Affordable Care Act provisions will increase breastfeeding among working mothers

Institute for Women's Policy Research (IWPR):

What:

Millions of working mothers were not able to express breast milk while at work until the Affordable Care Act of 2010 (ACA). The law requires employers to provide nursing breaks and a private, sanitary place to express breast milk for most mothers employed on an hourly basis. The ACA provisions for breastfeeding cover three-fifths of employed women living in families below 350 percent of the government poverty line (about $50,000 for a family of two).

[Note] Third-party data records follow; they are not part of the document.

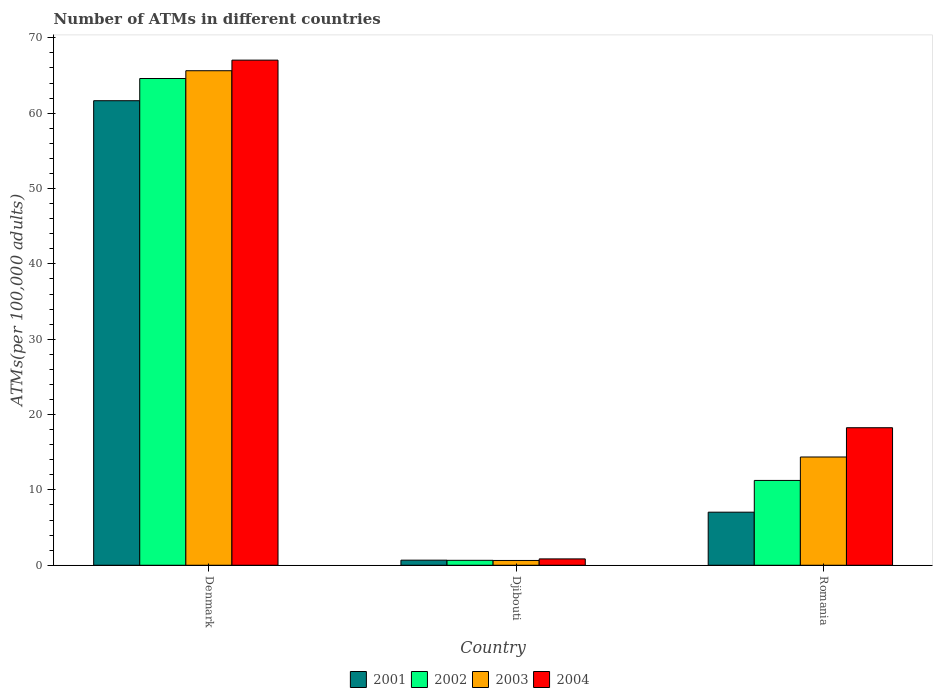How many groups of bars are there?
Give a very brief answer. 3. Are the number of bars on each tick of the X-axis equal?
Offer a very short reply. Yes. What is the label of the 2nd group of bars from the left?
Offer a very short reply. Djibouti. What is the number of ATMs in 2003 in Denmark?
Provide a succinct answer. 65.64. Across all countries, what is the maximum number of ATMs in 2003?
Give a very brief answer. 65.64. Across all countries, what is the minimum number of ATMs in 2004?
Provide a succinct answer. 0.84. In which country was the number of ATMs in 2003 maximum?
Keep it short and to the point. Denmark. In which country was the number of ATMs in 2004 minimum?
Keep it short and to the point. Djibouti. What is the total number of ATMs in 2001 in the graph?
Keep it short and to the point. 69.38. What is the difference between the number of ATMs in 2004 in Denmark and that in Djibouti?
Provide a succinct answer. 66.2. What is the difference between the number of ATMs in 2003 in Denmark and the number of ATMs in 2004 in Romania?
Keep it short and to the point. 47.38. What is the average number of ATMs in 2002 per country?
Ensure brevity in your answer.  25.51. What is the difference between the number of ATMs of/in 2003 and number of ATMs of/in 2002 in Romania?
Your answer should be very brief. 3.11. In how many countries, is the number of ATMs in 2004 greater than 50?
Make the answer very short. 1. What is the ratio of the number of ATMs in 2004 in Denmark to that in Romania?
Make the answer very short. 3.67. Is the number of ATMs in 2002 in Djibouti less than that in Romania?
Your answer should be compact. Yes. Is the difference between the number of ATMs in 2003 in Denmark and Djibouti greater than the difference between the number of ATMs in 2002 in Denmark and Djibouti?
Your response must be concise. Yes. What is the difference between the highest and the second highest number of ATMs in 2001?
Your answer should be compact. -60.98. What is the difference between the highest and the lowest number of ATMs in 2003?
Make the answer very short. 65. Is the sum of the number of ATMs in 2003 in Denmark and Djibouti greater than the maximum number of ATMs in 2001 across all countries?
Your answer should be very brief. Yes. Is it the case that in every country, the sum of the number of ATMs in 2004 and number of ATMs in 2003 is greater than the sum of number of ATMs in 2001 and number of ATMs in 2002?
Your answer should be compact. No. What does the 1st bar from the left in Djibouti represents?
Your response must be concise. 2001. Is it the case that in every country, the sum of the number of ATMs in 2004 and number of ATMs in 2001 is greater than the number of ATMs in 2002?
Make the answer very short. Yes. How many bars are there?
Provide a succinct answer. 12. How many countries are there in the graph?
Your answer should be very brief. 3. What is the difference between two consecutive major ticks on the Y-axis?
Provide a short and direct response. 10. Does the graph contain any zero values?
Provide a succinct answer. No. Does the graph contain grids?
Give a very brief answer. No. Where does the legend appear in the graph?
Give a very brief answer. Bottom center. What is the title of the graph?
Provide a succinct answer. Number of ATMs in different countries. Does "1983" appear as one of the legend labels in the graph?
Ensure brevity in your answer.  No. What is the label or title of the Y-axis?
Make the answer very short. ATMs(per 100,0 adults). What is the ATMs(per 100,000 adults) of 2001 in Denmark?
Ensure brevity in your answer.  61.66. What is the ATMs(per 100,000 adults) of 2002 in Denmark?
Provide a succinct answer. 64.61. What is the ATMs(per 100,000 adults) of 2003 in Denmark?
Your answer should be compact. 65.64. What is the ATMs(per 100,000 adults) of 2004 in Denmark?
Provide a short and direct response. 67.04. What is the ATMs(per 100,000 adults) in 2001 in Djibouti?
Keep it short and to the point. 0.68. What is the ATMs(per 100,000 adults) in 2002 in Djibouti?
Your answer should be compact. 0.66. What is the ATMs(per 100,000 adults) of 2003 in Djibouti?
Offer a very short reply. 0.64. What is the ATMs(per 100,000 adults) of 2004 in Djibouti?
Offer a terse response. 0.84. What is the ATMs(per 100,000 adults) in 2001 in Romania?
Provide a succinct answer. 7.04. What is the ATMs(per 100,000 adults) in 2002 in Romania?
Your answer should be compact. 11.26. What is the ATMs(per 100,000 adults) of 2003 in Romania?
Your answer should be compact. 14.37. What is the ATMs(per 100,000 adults) of 2004 in Romania?
Your answer should be very brief. 18.26. Across all countries, what is the maximum ATMs(per 100,000 adults) in 2001?
Your response must be concise. 61.66. Across all countries, what is the maximum ATMs(per 100,000 adults) in 2002?
Offer a very short reply. 64.61. Across all countries, what is the maximum ATMs(per 100,000 adults) of 2003?
Ensure brevity in your answer.  65.64. Across all countries, what is the maximum ATMs(per 100,000 adults) of 2004?
Provide a succinct answer. 67.04. Across all countries, what is the minimum ATMs(per 100,000 adults) of 2001?
Make the answer very short. 0.68. Across all countries, what is the minimum ATMs(per 100,000 adults) of 2002?
Make the answer very short. 0.66. Across all countries, what is the minimum ATMs(per 100,000 adults) in 2003?
Keep it short and to the point. 0.64. Across all countries, what is the minimum ATMs(per 100,000 adults) in 2004?
Provide a short and direct response. 0.84. What is the total ATMs(per 100,000 adults) of 2001 in the graph?
Your response must be concise. 69.38. What is the total ATMs(per 100,000 adults) in 2002 in the graph?
Ensure brevity in your answer.  76.52. What is the total ATMs(per 100,000 adults) of 2003 in the graph?
Keep it short and to the point. 80.65. What is the total ATMs(per 100,000 adults) in 2004 in the graph?
Ensure brevity in your answer.  86.14. What is the difference between the ATMs(per 100,000 adults) in 2001 in Denmark and that in Djibouti?
Offer a terse response. 60.98. What is the difference between the ATMs(per 100,000 adults) of 2002 in Denmark and that in Djibouti?
Your answer should be very brief. 63.95. What is the difference between the ATMs(per 100,000 adults) of 2003 in Denmark and that in Djibouti?
Your response must be concise. 65. What is the difference between the ATMs(per 100,000 adults) of 2004 in Denmark and that in Djibouti?
Your answer should be compact. 66.2. What is the difference between the ATMs(per 100,000 adults) of 2001 in Denmark and that in Romania?
Ensure brevity in your answer.  54.61. What is the difference between the ATMs(per 100,000 adults) in 2002 in Denmark and that in Romania?
Ensure brevity in your answer.  53.35. What is the difference between the ATMs(per 100,000 adults) of 2003 in Denmark and that in Romania?
Offer a very short reply. 51.27. What is the difference between the ATMs(per 100,000 adults) of 2004 in Denmark and that in Romania?
Offer a very short reply. 48.79. What is the difference between the ATMs(per 100,000 adults) in 2001 in Djibouti and that in Romania?
Give a very brief answer. -6.37. What is the difference between the ATMs(per 100,000 adults) of 2002 in Djibouti and that in Romania?
Make the answer very short. -10.6. What is the difference between the ATMs(per 100,000 adults) of 2003 in Djibouti and that in Romania?
Offer a very short reply. -13.73. What is the difference between the ATMs(per 100,000 adults) in 2004 in Djibouti and that in Romania?
Offer a very short reply. -17.41. What is the difference between the ATMs(per 100,000 adults) of 2001 in Denmark and the ATMs(per 100,000 adults) of 2002 in Djibouti?
Make the answer very short. 61. What is the difference between the ATMs(per 100,000 adults) of 2001 in Denmark and the ATMs(per 100,000 adults) of 2003 in Djibouti?
Provide a succinct answer. 61.02. What is the difference between the ATMs(per 100,000 adults) of 2001 in Denmark and the ATMs(per 100,000 adults) of 2004 in Djibouti?
Make the answer very short. 60.81. What is the difference between the ATMs(per 100,000 adults) in 2002 in Denmark and the ATMs(per 100,000 adults) in 2003 in Djibouti?
Make the answer very short. 63.97. What is the difference between the ATMs(per 100,000 adults) in 2002 in Denmark and the ATMs(per 100,000 adults) in 2004 in Djibouti?
Your answer should be very brief. 63.76. What is the difference between the ATMs(per 100,000 adults) of 2003 in Denmark and the ATMs(per 100,000 adults) of 2004 in Djibouti?
Offer a terse response. 64.79. What is the difference between the ATMs(per 100,000 adults) in 2001 in Denmark and the ATMs(per 100,000 adults) in 2002 in Romania?
Make the answer very short. 50.4. What is the difference between the ATMs(per 100,000 adults) of 2001 in Denmark and the ATMs(per 100,000 adults) of 2003 in Romania?
Your response must be concise. 47.29. What is the difference between the ATMs(per 100,000 adults) of 2001 in Denmark and the ATMs(per 100,000 adults) of 2004 in Romania?
Ensure brevity in your answer.  43.4. What is the difference between the ATMs(per 100,000 adults) of 2002 in Denmark and the ATMs(per 100,000 adults) of 2003 in Romania?
Your answer should be compact. 50.24. What is the difference between the ATMs(per 100,000 adults) in 2002 in Denmark and the ATMs(per 100,000 adults) in 2004 in Romania?
Offer a very short reply. 46.35. What is the difference between the ATMs(per 100,000 adults) of 2003 in Denmark and the ATMs(per 100,000 adults) of 2004 in Romania?
Make the answer very short. 47.38. What is the difference between the ATMs(per 100,000 adults) of 2001 in Djibouti and the ATMs(per 100,000 adults) of 2002 in Romania?
Offer a very short reply. -10.58. What is the difference between the ATMs(per 100,000 adults) of 2001 in Djibouti and the ATMs(per 100,000 adults) of 2003 in Romania?
Ensure brevity in your answer.  -13.69. What is the difference between the ATMs(per 100,000 adults) of 2001 in Djibouti and the ATMs(per 100,000 adults) of 2004 in Romania?
Give a very brief answer. -17.58. What is the difference between the ATMs(per 100,000 adults) in 2002 in Djibouti and the ATMs(per 100,000 adults) in 2003 in Romania?
Your response must be concise. -13.71. What is the difference between the ATMs(per 100,000 adults) of 2002 in Djibouti and the ATMs(per 100,000 adults) of 2004 in Romania?
Provide a short and direct response. -17.6. What is the difference between the ATMs(per 100,000 adults) in 2003 in Djibouti and the ATMs(per 100,000 adults) in 2004 in Romania?
Give a very brief answer. -17.62. What is the average ATMs(per 100,000 adults) in 2001 per country?
Give a very brief answer. 23.13. What is the average ATMs(per 100,000 adults) of 2002 per country?
Keep it short and to the point. 25.51. What is the average ATMs(per 100,000 adults) of 2003 per country?
Give a very brief answer. 26.88. What is the average ATMs(per 100,000 adults) in 2004 per country?
Give a very brief answer. 28.71. What is the difference between the ATMs(per 100,000 adults) of 2001 and ATMs(per 100,000 adults) of 2002 in Denmark?
Ensure brevity in your answer.  -2.95. What is the difference between the ATMs(per 100,000 adults) in 2001 and ATMs(per 100,000 adults) in 2003 in Denmark?
Give a very brief answer. -3.98. What is the difference between the ATMs(per 100,000 adults) of 2001 and ATMs(per 100,000 adults) of 2004 in Denmark?
Give a very brief answer. -5.39. What is the difference between the ATMs(per 100,000 adults) of 2002 and ATMs(per 100,000 adults) of 2003 in Denmark?
Your answer should be compact. -1.03. What is the difference between the ATMs(per 100,000 adults) in 2002 and ATMs(per 100,000 adults) in 2004 in Denmark?
Your answer should be compact. -2.44. What is the difference between the ATMs(per 100,000 adults) of 2003 and ATMs(per 100,000 adults) of 2004 in Denmark?
Offer a very short reply. -1.41. What is the difference between the ATMs(per 100,000 adults) in 2001 and ATMs(per 100,000 adults) in 2002 in Djibouti?
Provide a succinct answer. 0.02. What is the difference between the ATMs(per 100,000 adults) in 2001 and ATMs(per 100,000 adults) in 2003 in Djibouti?
Give a very brief answer. 0.04. What is the difference between the ATMs(per 100,000 adults) in 2001 and ATMs(per 100,000 adults) in 2004 in Djibouti?
Offer a very short reply. -0.17. What is the difference between the ATMs(per 100,000 adults) in 2002 and ATMs(per 100,000 adults) in 2003 in Djibouti?
Keep it short and to the point. 0.02. What is the difference between the ATMs(per 100,000 adults) in 2002 and ATMs(per 100,000 adults) in 2004 in Djibouti?
Provide a short and direct response. -0.19. What is the difference between the ATMs(per 100,000 adults) of 2003 and ATMs(per 100,000 adults) of 2004 in Djibouti?
Offer a terse response. -0.21. What is the difference between the ATMs(per 100,000 adults) in 2001 and ATMs(per 100,000 adults) in 2002 in Romania?
Give a very brief answer. -4.21. What is the difference between the ATMs(per 100,000 adults) in 2001 and ATMs(per 100,000 adults) in 2003 in Romania?
Your answer should be compact. -7.32. What is the difference between the ATMs(per 100,000 adults) in 2001 and ATMs(per 100,000 adults) in 2004 in Romania?
Keep it short and to the point. -11.21. What is the difference between the ATMs(per 100,000 adults) of 2002 and ATMs(per 100,000 adults) of 2003 in Romania?
Give a very brief answer. -3.11. What is the difference between the ATMs(per 100,000 adults) in 2002 and ATMs(per 100,000 adults) in 2004 in Romania?
Make the answer very short. -7. What is the difference between the ATMs(per 100,000 adults) of 2003 and ATMs(per 100,000 adults) of 2004 in Romania?
Give a very brief answer. -3.89. What is the ratio of the ATMs(per 100,000 adults) of 2001 in Denmark to that in Djibouti?
Offer a very short reply. 91.18. What is the ratio of the ATMs(per 100,000 adults) of 2002 in Denmark to that in Djibouti?
Ensure brevity in your answer.  98.45. What is the ratio of the ATMs(per 100,000 adults) of 2003 in Denmark to that in Djibouti?
Give a very brief answer. 102.88. What is the ratio of the ATMs(per 100,000 adults) of 2004 in Denmark to that in Djibouti?
Keep it short and to the point. 79.46. What is the ratio of the ATMs(per 100,000 adults) of 2001 in Denmark to that in Romania?
Give a very brief answer. 8.75. What is the ratio of the ATMs(per 100,000 adults) of 2002 in Denmark to that in Romania?
Ensure brevity in your answer.  5.74. What is the ratio of the ATMs(per 100,000 adults) in 2003 in Denmark to that in Romania?
Keep it short and to the point. 4.57. What is the ratio of the ATMs(per 100,000 adults) in 2004 in Denmark to that in Romania?
Offer a very short reply. 3.67. What is the ratio of the ATMs(per 100,000 adults) in 2001 in Djibouti to that in Romania?
Ensure brevity in your answer.  0.1. What is the ratio of the ATMs(per 100,000 adults) of 2002 in Djibouti to that in Romania?
Your response must be concise. 0.06. What is the ratio of the ATMs(per 100,000 adults) of 2003 in Djibouti to that in Romania?
Your response must be concise. 0.04. What is the ratio of the ATMs(per 100,000 adults) of 2004 in Djibouti to that in Romania?
Your answer should be very brief. 0.05. What is the difference between the highest and the second highest ATMs(per 100,000 adults) in 2001?
Give a very brief answer. 54.61. What is the difference between the highest and the second highest ATMs(per 100,000 adults) in 2002?
Provide a succinct answer. 53.35. What is the difference between the highest and the second highest ATMs(per 100,000 adults) in 2003?
Ensure brevity in your answer.  51.27. What is the difference between the highest and the second highest ATMs(per 100,000 adults) of 2004?
Provide a short and direct response. 48.79. What is the difference between the highest and the lowest ATMs(per 100,000 adults) of 2001?
Your answer should be very brief. 60.98. What is the difference between the highest and the lowest ATMs(per 100,000 adults) in 2002?
Keep it short and to the point. 63.95. What is the difference between the highest and the lowest ATMs(per 100,000 adults) of 2003?
Offer a very short reply. 65. What is the difference between the highest and the lowest ATMs(per 100,000 adults) in 2004?
Your answer should be very brief. 66.2.

This new report by the Institute for Women's Policy Research includes first-ever estimates of coverage among employed women across lines of income, age, education, and race/ethnicity. IWPR's findings show how and why breastfeeding rates through the age of six months will increase—but may fall short of the U.S. Department of Health and Human Services' Healthy People 2020 goals released this month.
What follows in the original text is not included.